Nesse jogo, Portugal tinha avançados que ou queriam bola no espaço – todos eles... – ou que, se a queriam no pé, era para correrem com ela e não para ligarem com os médios ou uns com os outros. Recuperando esse jogo, Santos realçou que “a dada altura só tínhamos um médio, que era o Palhinha”. Onde estavam os outros? Os outros, digo eu, andavam à procura dos avançados. E isso não permitia que houvesse equipa: ou vão todos e se sobe o bloco de forma uniforme – a tal guerra de implantação – ou se mantêm as bases atrás e o jogo fica desgarrado – a “blitzkrieg”, que aqui teve uma origem conservadora. Percebo agora que, mesmo que diga o contrário e se convença disso, porque acredito que o diz de forma genuína, a cautela leva o selecionador a preferir a “blitzkrieg”, a tal guerra por investidas rápidas que mantém a segurança das bases, à implantação no território inimigo, a um jogar alto que ele próprio concede ser mais consentâneo com alguns destes jogadores. E a mim esse futebol, muitas vezes, sabe-me a pouco. Como sabe a pouco a muitos adeptos da seleção.
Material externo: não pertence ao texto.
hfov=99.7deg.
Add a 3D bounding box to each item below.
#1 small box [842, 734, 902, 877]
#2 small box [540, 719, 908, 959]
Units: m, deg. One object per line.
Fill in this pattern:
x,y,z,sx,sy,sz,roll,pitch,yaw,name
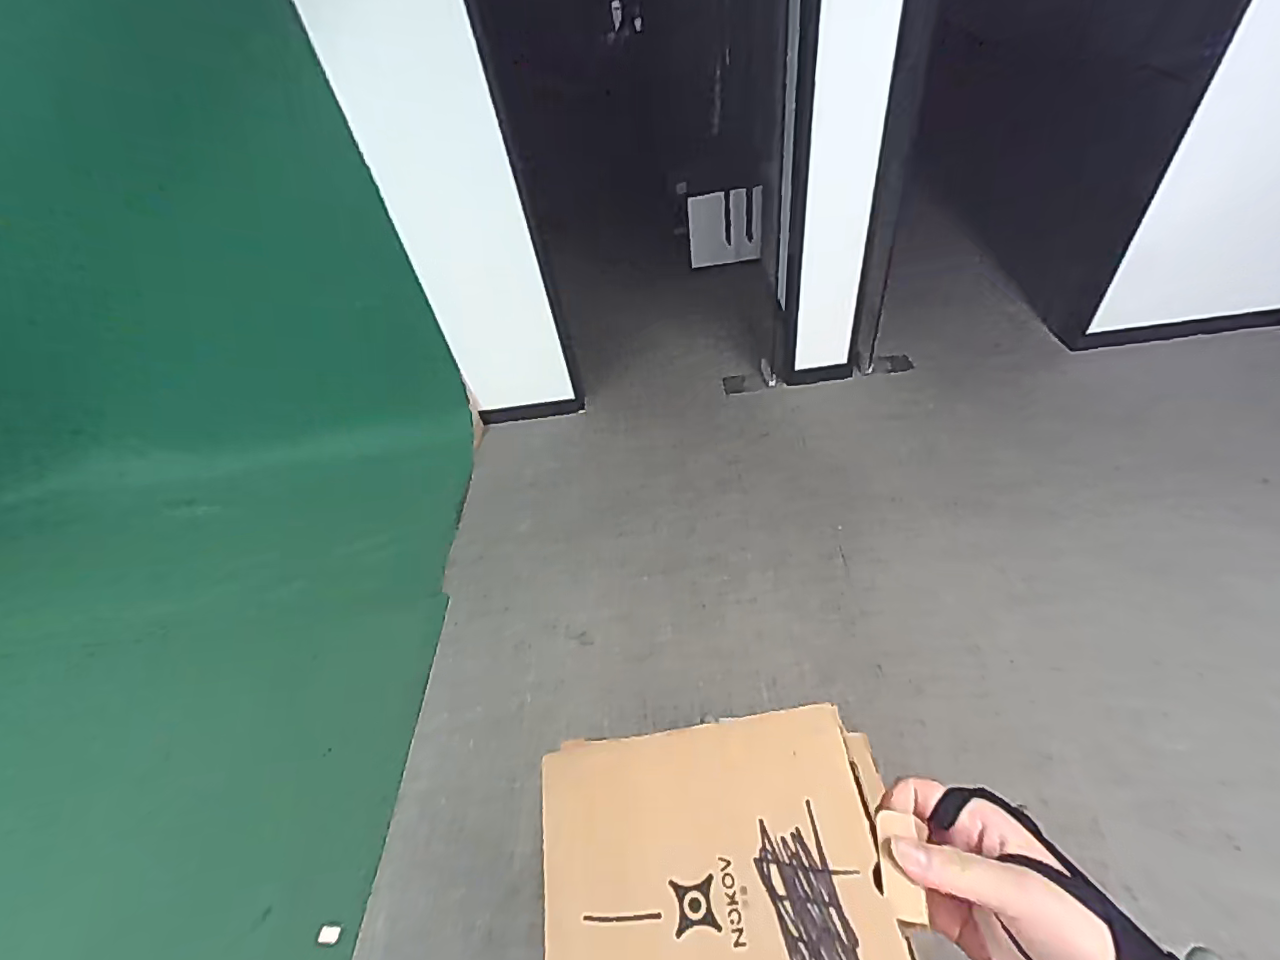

Os jogos particulares de nada valem, o lugar na selecção ganha-se e a evolução do jogador dá-se no clube e não na selecção. Considero essa ideia da necessidade de "ir lançando" o jogador na selecção para ganhar o lugar, simplesmente absurda, pois é no clube que o jogador trabalha a maior parte do tempo, é aí que se faz jogador, a experiência internacional vai se ganhando, até mesmo nas competições europeias. Os selecionadores pode e devem lançar os jogadores nos jogos a sério ou usam a Liga das Nações para o efeito.
Entrevista bastante interessante a partir do momento em que Fernando Santos esqueceu as generalidades iniciais e recentrou as respostas em factos concretos. Ajudou a perceber alguma da filosofia e das decisões subjacentes, deixando à evidência duas contradições que o selecionador ainda não resolveu. Admite que quer um jogo de 80% de ataque apoiado, mas escolhe, na maioria das vezes, equipas iniciais cujos avançados privilegiam outro tipo de ataque. Depois, admite que Ronaldo tem de jogar mais perto da área, ser essencialmente finalizador, mas nos jogos não é isso que se vê, o capitão tenta acudir a todo o lado e depois falta-nos a referência na área. O selecionador não consegue passar-lhe a mensagem, ou o estatuto de Ronaldo dificulta? (Atenção que continuo a achar que não podemos dar-nos ao luxo de dispensar Cristiano)
De resto, mesmo sem deslumbrar, também não alinho na ideia de que a equipa de 2016 jogava mal. Nem que teve a vida facilitada pelos adversários que encontrou. Podia ter jogado contra mais "tubarões"? Podia. Mas veja-se o percurso da outra finalista e verifica-se que, à exceção da meia-final, os demais adversários foram bem simpáticos. E nós eliminamos a Polónia, excelente equipa, e sobretudo a Croácia, das melhores do mundo, como se provou no Mundial seguinte.
Na questão dos centrais, a explicação é legítima, mas agudiza a preocupação. Mas algum dia será dia para os mais novos jogarem? Há de haver sempre risco. E Pepe apesar de parecer, não é eterno.